Miro a Luis, apelo a su capacidad por y para el simbolismo: “Dime si tú los oyes como yo los veo”, pensé con intención de trasladárselo sotto voce y vía médium.

–Prefiero hablar de Vallejo o, mejor dicho, de Pain –explica Luis como si no quisiera meterse en mi fregao porque bastante tiene con el suyo–, el alma de uno en el cuerpo del otro o ambas almas vagando de hipo en hipo hasta la salvación, hipnotizados por la realidad de una lluvia persistente.

–… sí, me condenaste, eso es lo que hiciste, no entiendes que durante toda la novela soy incapaz de concretar una personalidad: perseguí cuando yo no quería hacerlo y así salió lo que salió, acabé durmiendo en una bañera; tuve que comer carne cuando cuatro líneas antes me declaraste vegetariano, y encima me gustó; me hiciste amar a la sosa de Mme Reynaud cuando yo no quería otra cosa que pasar mis manos inocentes sobre las auras de las niñas que hablaban a los oídos sordos de ese ciego mudo que las tenía sentadas sobre sus piernas –hace una pausa porque sabe que Bolaño en una actitud propia de escritores no le oye y, además, en el colmo del desdén, se ha levantado para oler el vaso de mezcal de Tomás, poniendo cara de: ¡joder, lo que daría por poder echar un trago!–: … Pero, ¡escúchame, aprendiz de escritor!, no te das cuenta de que he sido el hazmerreír de esta farsa tragicómica que te has construido nada más que para alimentar tu ego –termina por decir gritando sin gritar.

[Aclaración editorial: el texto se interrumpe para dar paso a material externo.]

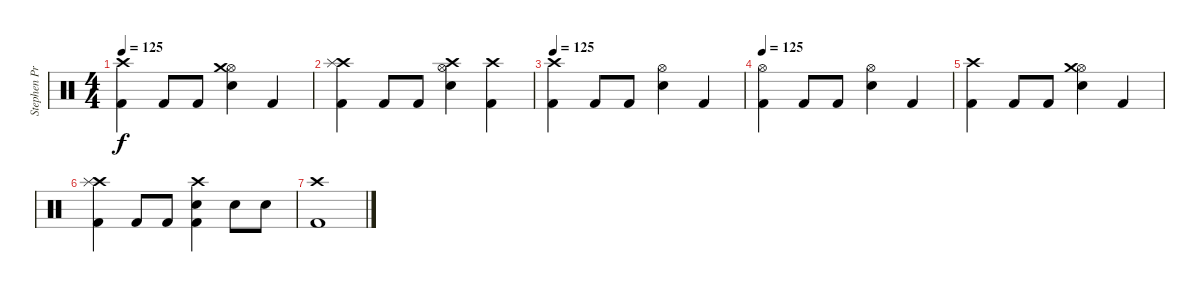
\track ("Stephen Priestly" "Stephen Pr") {instrument percussion}
\staff {score}
\articulation defaults
\ts (4 4)
\tempo 125
\clef neutral
\ks c
("Crash high (hit)" "Kick (hit) 2").4{dy f} "Kick (hit) 2".8 "Kick (hit) 2".8 ("Hi-Hat (open)" "Crash medium (hit)" "Snare (hit) 2").4 "Kick (hit) 2".4 |
("Crash high (hit)" "Splash (hit)" "Kick (hit) 2").4 "Kick (hit) 2".8 "Kick (hit) 2".8 ("Hi-Hat (open)" "Crash high (hit)" "Snare (hit) 2").4 ("Crash high (hit)" "Kick (hit) 2").4 |
\tempo 125
("Crash high (hit)" "Kick (hit) 2").4 "Kick (hit) 2".8 "Kick (hit) 2".8 ("Hi-Hat (open)" "Snare (hit) 2").4 "Kick (hit) 2".4 |
\tempo 125
("Hi-Hat (open)" "Kick (hit) 2").4 "Kick (hit) 2".8 "Kick (hit) 2".8 ("Hi-Hat (open)" "Snare (hit) 2").4 "Kick (hit) 2".4 |
("Crash high (hit)" "Kick (hit) 2").4 "Kick (hit) 2".8 "Kick (hit) 2".8 ("Hi-Hat (open)" "Crash medium (hit)" "Snare (hit) 2").4 "Kick (hit) 2".4 |
("Crash high (hit)" "Splash (hit)" "Kick (hit) 2").4 "Kick (hit) 2".8 "Kick (hit) 2".8 ("Crash high (hit)" "Snare (hit) 2" "Kick (hit) 2").4 "Snare (hit) 2".8 "Snare (hit) 2".8 |
("Crash high (hit)" "Kick (hit) 2").1
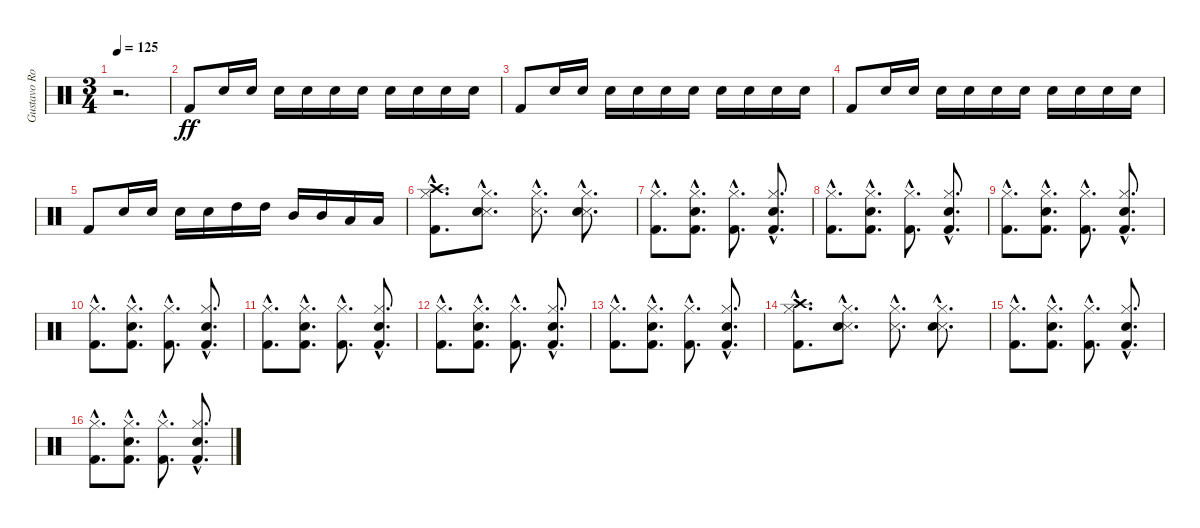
\track ("Gustavo Rowek 2" "Gustavo Ro") {instrument percussion}
\staff {score}
\articulation defaults
\ts (3 4)
\tempo 125
\clef neutral
\ks c
r.2{d dy ff} |
"Kick (hit) 2".8 "Electric Snare (hit)".16 "Electric Snare (hit)".16 "Electric Snare (hit)".16 "Electric Snare (hit)".16 "Electric Snare (hit)".16 "Electric Snare (hit)".16 "Electric Snare (hit)".16 "Electric Snare (hit)".16 "Electric Snare (hit)".16 "Electric Snare (hit)".16 |
"Kick (hit) 2".8 "Electric Snare (hit)".16 "Electric Snare (hit)".16 "Electric Snare (hit)".16 "Electric Snare (hit)".16 "Electric Snare (hit)".16 "Electric Snare (hit)".16 "Electric Snare (hit)".16 "Electric Snare (hit)".16 "Electric Snare (hit)".16 "Electric Snare (hit)".16 |
"Kick (hit) 2".8 "Electric Snare (hit)".16 "Electric Snare (hit)".16 "Electric Snare (hit)".16 "Electric Snare (hit)".16 "Electric Snare (hit)".16 "Electric Snare (hit)".16 "Electric Snare (hit)".16 "Electric Snare (hit)".16 "Electric Snare (hit)".16 "Electric Snare (hit)".16 |
"Kick (hit) 2".8 "Electric Snare (hit)".16 "Electric Snare (hit)".16 "Electric Snare (hit)".16 "Electric Snare (hit)".16 "High Tom (hit)".16 "High Tom (hit)".16 "Mid Tom (hit)".16 "Mid Tom (hit)".16 "Low Tom (hit)".16 "Low Tom (hit)".16 |
("Kick (hit) 2"{hac} "Hi-Hat (closed)"{hac} "Crash high (hit)"{hac}).8{d} ("Snare (side stick) 3"{hac} "Snare (hit) 2"{hac} "Hi-Hat (closed)"{hac}).8{d} ("Snare (side stick) 3"{hac} "Hi-Hat (closed)"{hac}).8{d} ("Snare (side stick) 3"{hac} "Snare (hit) 2"{hac} "Hi-Hat (closed)"{hac}).8{d} |
("Kick (hit) 2"{hac} "Hi-Hat (closed)"{hac}).8{d} ("Kick (hit) 2"{hac} "Snare (hit) 2"{hac} "Hi-Hat (closed)"{hac}).8{d} ("Kick (hit) 2"{hac} "Hi-Hat (closed)"{hac}).8{d} ("Kick (hit) 2"{hac} "Snare (hit) 2"{hac} "Hi-Hat (closed)"{hac}).8{d} |
("Kick (hit) 2"{hac} "Hi-Hat (closed)"{hac}).8{d} ("Kick (hit) 2"{hac} "Snare (hit) 2"{hac} "Hi-Hat (closed)"{hac}).8{d} ("Kick (hit) 2"{hac} "Hi-Hat (closed)"{hac}).8{d} ("Kick (hit) 2"{hac} "Snare (hit) 2"{hac} "Hi-Hat (closed)"{hac}).8{d} |
("Kick (hit) 2"{hac} "Hi-Hat (closed)"{hac}).8{d} ("Kick (hit) 2"{hac} "Snare (hit) 2"{hac} "Hi-Hat (closed)"{hac}).8{d} ("Kick (hit) 2"{hac} "Hi-Hat (closed)"{hac}).8{d} ("Kick (hit) 2"{hac} "Snare (hit) 2"{hac} "Hi-Hat (closed)"{hac}).8{d} |
("Kick (hit) 2"{hac} "Hi-Hat (closed)"{hac}).8{d} ("Kick (hit) 2"{hac} "Snare (hit) 2"{hac} "Hi-Hat (closed)"{hac}).8{d} ("Kick (hit) 2"{hac} "Hi-Hat (closed)"{hac}).8{d} ("Kick (hit) 2"{hac} "Snare (hit) 2"{hac} "Hi-Hat (closed)"{hac}).8{d} |
("Kick (hit) 2"{hac} "Hi-Hat (closed)"{hac}).8{d} ("Kick (hit) 2"{hac} "Snare (hit) 2"{hac} "Hi-Hat (closed)"{hac}).8{d} ("Kick (hit) 2"{hac} "Hi-Hat (closed)"{hac}).8{d} ("Kick (hit) 2"{hac} "Snare (hit) 2"{hac} "Hi-Hat (closed)"{hac}).8{d} |
("Kick (hit) 2"{hac} "Hi-Hat (closed)"{hac}).8{d} ("Kick (hit) 2"{hac} "Snare (hit) 2"{hac} "Hi-Hat (closed)"{hac}).8{d} ("Kick (hit) 2"{hac} "Hi-Hat (closed)"{hac}).8{d} ("Kick (hit) 2"{hac} "Snare (hit) 2"{hac} "Hi-Hat (closed)"{hac}).8{d} |
("Kick (hit) 2"{hac} "Hi-Hat (closed)"{hac}).8{d} ("Kick (hit) 2"{hac} "Snare (hit) 2"{hac} "Hi-Hat (closed)"{hac}).8{d} ("Kick (hit) 2"{hac} "Hi-Hat (closed)"{hac}).8{d} ("Kick (hit) 2"{hac} "Snare (hit) 2"{hac} "Hi-Hat (closed)"{hac}).8{d} |
("Kick (hit) 2"{hac} "Hi-Hat (closed)"{hac} "Crash high (hit)"{hac}).8{d} ("Snare (side stick) 3"{hac} "Snare (hit) 2"{hac} "Hi-Hat (closed)"{hac}).8{d} ("Snare (side stick) 3"{hac} "Hi-Hat (closed)"{hac}).8{d} ("Snare (side stick) 3"{hac} "Snare (hit) 2"{hac} "Hi-Hat (closed)"{hac}).8{d} |
("Kick (hit) 2"{hac} "Hi-Hat (closed)"{hac}).8{d} ("Kick (hit) 2"{hac} "Snare (hit) 2"{hac} "Hi-Hat (closed)"{hac}).8{d} ("Kick (hit) 2"{hac} "Hi-Hat (closed)"{hac}).8{d} ("Kick (hit) 2"{hac} "Snare (hit) 2"{hac} "Hi-Hat (closed)"{hac}).8{d} |
("Kick (hit) 2"{hac} "Hi-Hat (closed)"{hac}).8{d} ("Kick (hit) 2"{hac} "Snare (hit) 2"{hac} "Hi-Hat (closed)"{hac}).8{d} ("Kick (hit) 2"{hac} "Hi-Hat (closed)"{hac}).8{d} ("Kick (hit) 2"{hac} "Snare (hit) 2"{hac} "Hi-Hat (closed)"{hac}).8{d}

–¿Y el laberinto, qué me decís del laberinto? ¿Y la escena del cine? ¿Y el fascismo?

Unos alguien dicen algo a otros alguien, pero para entonces la sinfonía de voces me había superado y ya no supe quién lo decía porque mis tímpanos impermeables pusieron freno a tamaño despropósito y decidieron desconectar por completo y otorgarme la clásica cara de aquel que parece oír pero no oye nada, y solo mira, y solo ve, y solo se ve a sí mismo, y Monsieur Pain solloza, y Bolaño aplaude tras unas gafas risueñas, y Juanma y Charo hablan de la tiranía de los premios literarios a los que Bolaño claudicó, y Tomás y Jesús y Luis se preguntan si los edificios como el de la clínica donde estaba internado César Vallejo, que giran sobre sí mismos en una suerte de pasillos interminables, son helicoidales o elipsoides, y Mª José y Nuria se informan mutuamente de la mejor opción posible en la elección salomónica que se nos llega porque llaman a la puerta nuestros posibles invitados Amalfitano y Cesárea Tinajero, y la botella de mezcal creo que me sonríe desde la sabiduría cierta de que todo arte literario pasa por el alcohol, aunque no nos atrevamos a decirlo, ni siquiera a considerarlo, porque es un tópico tan tópico que no merece la pena.

Firmin, solo faltaste tú, es una pena que no te hables con Lowry porque a él sí que lo invité, aún a sabiendas de que no asistiría porque los jueves tiene las reuniones de alcohólicos anónimos a las que nunca va, otra vez será; mientras, nosotros, todos y todas, viajábamos bajo el volcán de una novela de indefinibles aromas que nos hizo apreciar aún más a un escritor que en esta, su primera novela, se declara valiente y no va a asegurar, arriesga –y mucho–, una novela donde ya se aprecian algunas de las constantes de su escritura: los poetas omnipresentes como héroes modernos, la intriga que va de la mano con una investigación, la fuerza de los personajes secundarios –en este caso ahogan incluso al protagonista–, lo onírico intentando explicar o sobrevolando la realidad, la poesía escondida en lo incomprensible, ¡los espacios! y el juego múltiple de espejos entre personajes históricos y personajes de ficción como si también la Historia y la Realidad necesitaran mirarse la una en la otra para crearse.